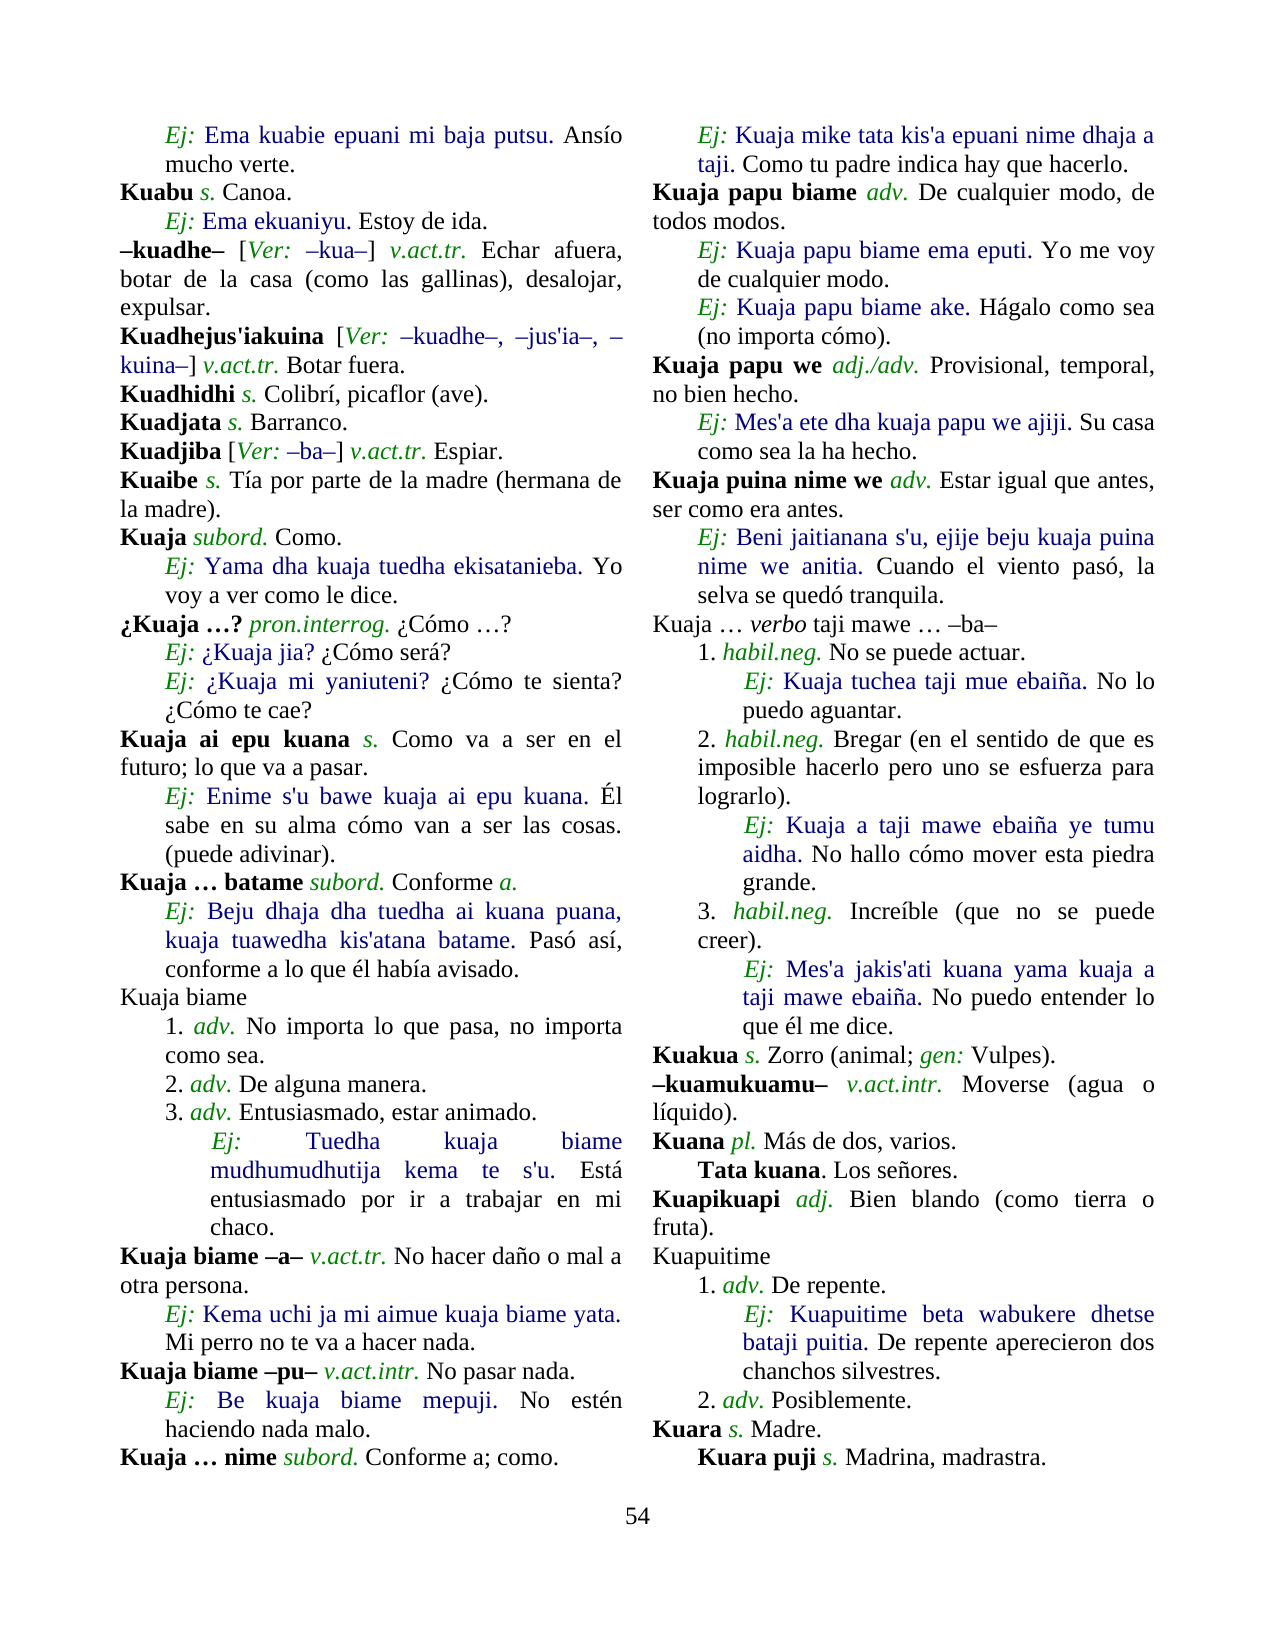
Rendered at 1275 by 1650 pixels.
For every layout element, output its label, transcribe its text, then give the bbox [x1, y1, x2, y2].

text Kuaja ai epu kuana s. Como va a ser en el futuro; lo que va a pasar. [120, 724, 622, 781]
text Kuaja biame –a– v.act.tr. No hacer daño o mal a otra persona. [120, 1241, 622, 1299]
text Ej: Yama dha kuaja tuedha ekisatanieba. Yo voy a ver como le dice. [120, 551, 622, 609]
text Ej: Beni jaitianana s'u, ejije beju kuaja puina nime we anitia. Cuando el viento pasó, la selva se quedó tranquila. [652, 522, 1155, 609]
text Kuaibe s. Tía por parte de la madre (hermana de la madre). [120, 465, 622, 522]
text Kuara puji s. Madrina, madrastra. [652, 1442, 1155, 1471]
text Kuakua s. Zorro (animal; gen: Vulpes). [652, 1040, 1155, 1069]
text Kuaja subord. Como. [120, 522, 622, 551]
text Kuaja papu biame adv. De cualquier modo, de todos modos. [652, 177, 1155, 235]
text Ej: Kuaja a taji mawe ebaiña ye tumu aidha. No hallo cómo mover esta piedra grande. [652, 810, 1155, 896]
text Kuadhidhi s. Colibrí, picaflor (ave). [120, 379, 622, 407]
text 1. habil.neg. No se puede actuar. [652, 637, 1155, 666]
text 3. adv. Entusiasmado, estar animado. [120, 1097, 622, 1126]
text 1. adv. De repente. [652, 1270, 1155, 1299]
text Ej: Kuapuitime beta wabukere dhetse bataji puitia. De repente aperecieron dos chanchos silvestres. [652, 1299, 1155, 1385]
text Kuapuitime [652, 1241, 1155, 1270]
text Kuapikuapi adj. Bien blando (como tierra o fruta). [652, 1184, 1155, 1241]
text Kuana pl. Más de dos, varios. [652, 1126, 1155, 1155]
text Ej: Kema uchi ja mi aimue kuaja biame yata. Mi perro no te va a hacer nada. [120, 1299, 622, 1356]
text 1. adv. No importa lo que pasa, no importa como sea. [120, 1011, 622, 1069]
text Ej: Kuaja papu biame ake. Hágalo como sea (no importa cómo). [652, 292, 1155, 350]
text ¿Kuaja …? pron.interrog. ¿Cómo …? [120, 609, 622, 637]
text Kuadjata s. Barranco. [120, 407, 622, 436]
text Kuabu s. Canoa. [120, 177, 622, 206]
text 2. habil.neg. Bregar (en el sentido de que es imposible hacerlo pero uno se esfuerza para lograrlo). [652, 724, 1155, 810]
text Ej: Kuaja tuchea taji mue ebaiña. No lo puedo aguantar. [652, 666, 1155, 724]
text Ej: ¿Kuaja jia? ¿Cómo será? [120, 637, 622, 666]
text Ej: Tuedha kuaja biame mudhumudhutija kema te s'u. Está entusiasmado por ir a trabajar en mi chaco. [120, 1126, 622, 1241]
text 2. adv. De alguna manera. [120, 1069, 622, 1097]
text Kuaja papu we adj./adv. Provisional, temporal, no bien hecho. [652, 350, 1155, 407]
text Kuaja … verbo taji mawe … –ba– [652, 609, 1155, 637]
text Ej: Beju dhaja dha tuedha ai kuana puana, kuaja tuawedha kis'atana batame. Pasó así, conforme a lo que él había avisado. [120, 896, 622, 982]
text –kuamukuamu– v.act.intr. Moverse (agua o líquido). [652, 1069, 1155, 1126]
text Ej: Ema kuabie epuani mi baja putsu. Ansío mucho verte. [120, 120, 622, 177]
text Tata kuana. Los señores. [652, 1155, 1155, 1184]
text Kuadjiba [Ver: –ba–] v.act.tr. Espiar. [120, 436, 622, 465]
text Kuaja … nime subord. Conforme a; como. [120, 1442, 622, 1471]
text Ej: Mes'a jakis'ati kuana yama kuaja a taji mawe ebaiña. No puedo entender lo que él me dice. [652, 954, 1155, 1040]
text –kuadhe– [Ver: –kua–] v.act.tr. Echar afuera, botar de la casa (como las gallinas), desalojar, expulsar. [120, 235, 622, 321]
text Kuara s. Madre. [652, 1414, 1155, 1442]
text Ej: Be kuaja biame mepuji. No estén haciendo nada malo. [120, 1385, 622, 1442]
text Ej: Kuaja mike tata kis'a epuani nime dhaja a taji. Como tu padre indica hay que hacerlo. [652, 120, 1155, 177]
text Kuadhejus'iakuina [Ver: –kuadhe–, –jus'ia–, –kuina–] v.act.tr. Botar fuera. [120, 321, 622, 379]
text Kuaja puina nime we adv. Estar igual que antes, ser como era antes. [652, 465, 1155, 522]
text Ej: Enime s'u bawe kuaja ai epu kuana. Él sabe en su alma cómo van a ser las cosas. (puede adivinar). [120, 781, 622, 867]
text Kuaja biame [120, 982, 622, 1011]
text Kuaja biame –pu– v.act.intr. No pasar nada. [120, 1356, 622, 1385]
text Ej: ¿Kuaja mi yaniuteni? ¿Cómo te sienta? ¿Cómo te cae? [120, 666, 622, 724]
text 3. habil.neg. Increíble (que no se puede creer). [652, 896, 1155, 954]
text 2. adv. Posiblemente. [652, 1385, 1155, 1414]
text Ej: Ema ekuaniyu. Estoy de ida. [120, 206, 622, 235]
text Kuaja … batame subord. Conforme a. [120, 867, 622, 896]
text Ej: Kuaja papu biame ema eputi. Yo me voy de cualquier modo. [652, 235, 1155, 292]
text Ej: Mes'a ete dha kuaja papu we ajiji. Su casa como sea la ha hecho. [652, 407, 1155, 465]
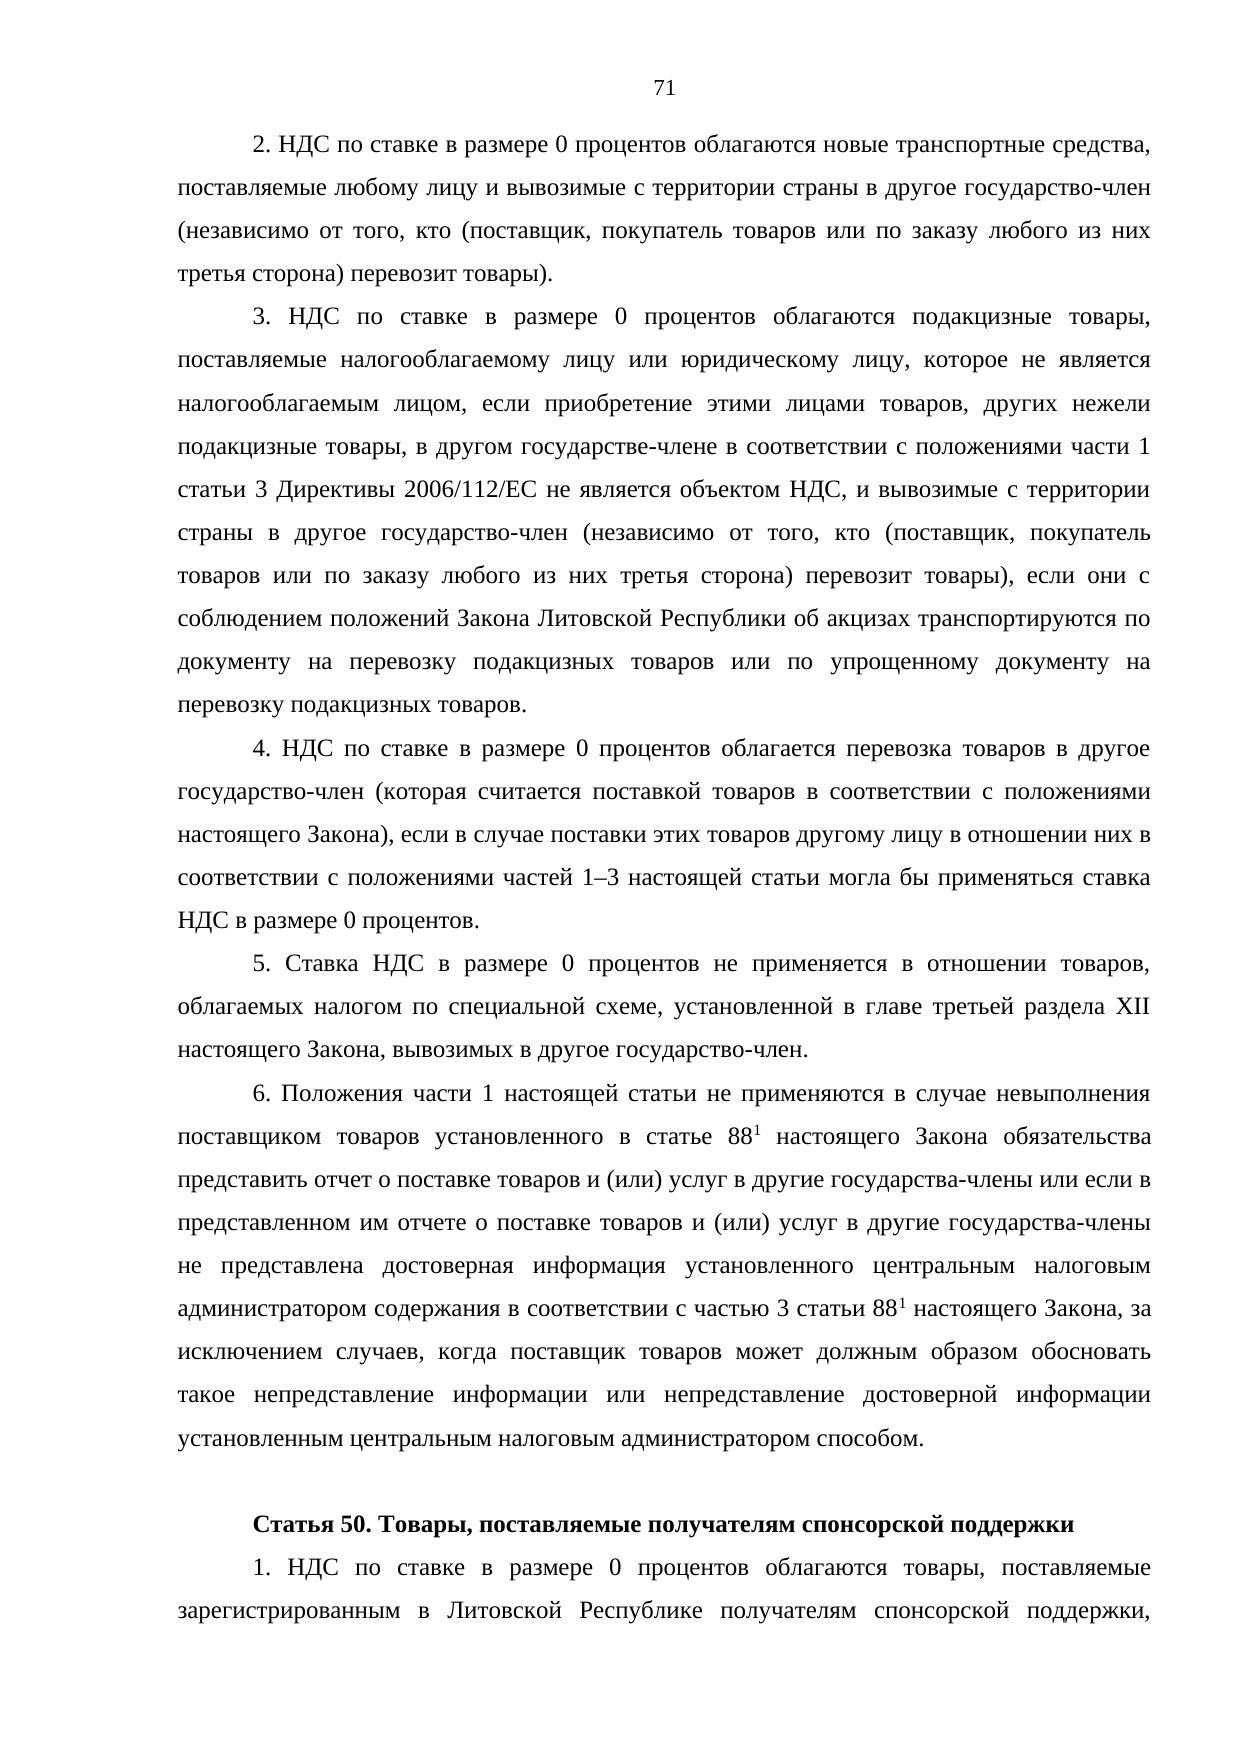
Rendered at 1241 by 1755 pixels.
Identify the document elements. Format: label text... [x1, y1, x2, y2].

text 3. НДС по ставке в размере 0 процентов облагаются подакцизные товары, поставляемые налогооблагаемому лицу или юридическому лицу, которое не является налогооблагаемым лицом, если приобретение этими лицами товаров, других нежели подакцизные товары, в другом государстве-члене в соответствии с положениями части 1 статьи 3 Директивы 2006/112/ЕС не является объектом НДС, и вывозимые с территории страны в другое государство-член (независимо от того, кто (поставщик, покупатель товаров или по заказу любого из них третья сторона) перевозит товары), если они с соблюдением положений Закона Литовской Республики об акцизах транспортируются по документу на перевозку подакцизных товаров или по упрощенному документу на перевозку подакцизных товаров. [177, 301, 1152, 718]
text 5. Ставка НДС в размере 0 процентов не применяется в отношении товаров, облагаемых налогом по специальной схеме, установленной в главе третьей раздела XII настоящего Закона, вывозимых в другое государство-член. [177, 948, 1152, 1063]
text 1. НДС по ставке в размере 0 процентов облагаются товары, поставляемые зарегистрированным в Литовской Республике получателям спонсорской поддержки, [177, 1552, 1152, 1624]
text 2. НДС по ставке в размере 0 процентов облагаются новые транспортные средства, поставляемые любому лицу и вывозимые с территории страны в другое государство-член (независимо от того, кто (поставщик, покупатель товаров или по заказу любого из них третья сторона) перевозит товары). [177, 129, 1152, 287]
text 4. НДС по ставке в размере 0 процентов облагается перевозка товаров в другое государство-член (которая считается поставкой товаров в соответствии с положениями настоящего Закона), если в случае поставки этих товаров другому лицу в отношении них в соответствии с положениями частей 1–3 настоящей статьи могла бы применяться ставка НДС в размере 0 процентов. [177, 733, 1152, 934]
text 6. Положения части 1 настоящей статьи не применяются в случае невыполнения поставщиком товаров установленного в статье 881 настоящего Закона обязательства представить отчет о поставке товаров и (или) услуг в другие государства-члены или если в представленном им отчете о поставке товаров и (или) услуг в другие государства-члены не представлена достоверная информация установленного центральным налоговым администратором содержания в соответствии с частью 3 статьи 881 настоящего Закона, за исключением случаев, когда поставщик товаров может должным образом обосновать такое непредставление информации или непредставление достоверной информации установленным центральным налоговым администратором способом. [177, 1078, 1152, 1451]
text Статья 50. Товары, поставляемые получателям спонсорской поддержки [177, 1509, 1152, 1538]

-*-*-

Task directions: Set the pictures aside and retype exactly the lines above from the line with "text 3. habil.neg." to the line with "text 2. НДС", both included, adding no others.

Solution to this problem:
text 3. habil.neg. Increíble (que no se puede creer). [652, 896, 1155, 954]
text 2. adv. Posiblemente. [652, 1385, 1155, 1414]
text Ej: Ema ekuaniyu. Estoy de ida. [120, 206, 622, 235]
text Kuaja … batame subord. Conforme a. [120, 867, 622, 896]
text Ej: Kuaja papu biame ema eputi. Yo me voy de cualquier modo. [652, 235, 1155, 292]
text Ej: Mes'a ete dha kuaja papu we ajiji. Su casa como sea la ha hecho. [652, 407, 1155, 465]
Rendered at 1241 by 1755 pixels.
Identify the document elements. Format: label text... [x1, y1, x2, y2].

text 3. НДС по ставке в размере 0 процентов облагаются подакцизные товары, поставляемые налогооблагаемому лицу или юридическому лицу, которое не является налогооблагаемым лицом, если приобретение этими лицами товаров, других нежели подакцизные товары, в другом государстве-члене в соответствии с положениями части 1 статьи 3 Директивы 2006/112/ЕС не является объектом НДС, и вывозимые с территории страны в другое государство-член (независимо от того, кто (поставщик, покупатель товаров или по заказу любого из них третья сторона) перевозит товары), если они с соблюдением положений Закона Литовской Республики об акцизах транспортируются по документу на перевозку подакцизных товаров или по упрощенному документу на перевозку подакцизных товаров. [177, 301, 1152, 718]
text 5. Ставка НДС в размере 0 процентов не применяется в отношении товаров, облагаемых налогом по специальной схеме, установленной в главе третьей раздела XII настоящего Закона, вывозимых в другое государство-член. [177, 948, 1152, 1063]
text 1. НДС по ставке в размере 0 процентов облагаются товары, поставляемые зарегистрированным в Литовской Республике получателям спонсорской поддержки, [177, 1552, 1152, 1624]
text 2. НДС по ставке в размере 0 процентов облагаются новые транспортные средства, поставляемые любому лицу и вывозимые с территории страны в другое государство-член (независимо от того, кто (поставщик, покупатель товаров или по заказу любого из них третья сторона) перевозит товары). [177, 129, 1152, 287]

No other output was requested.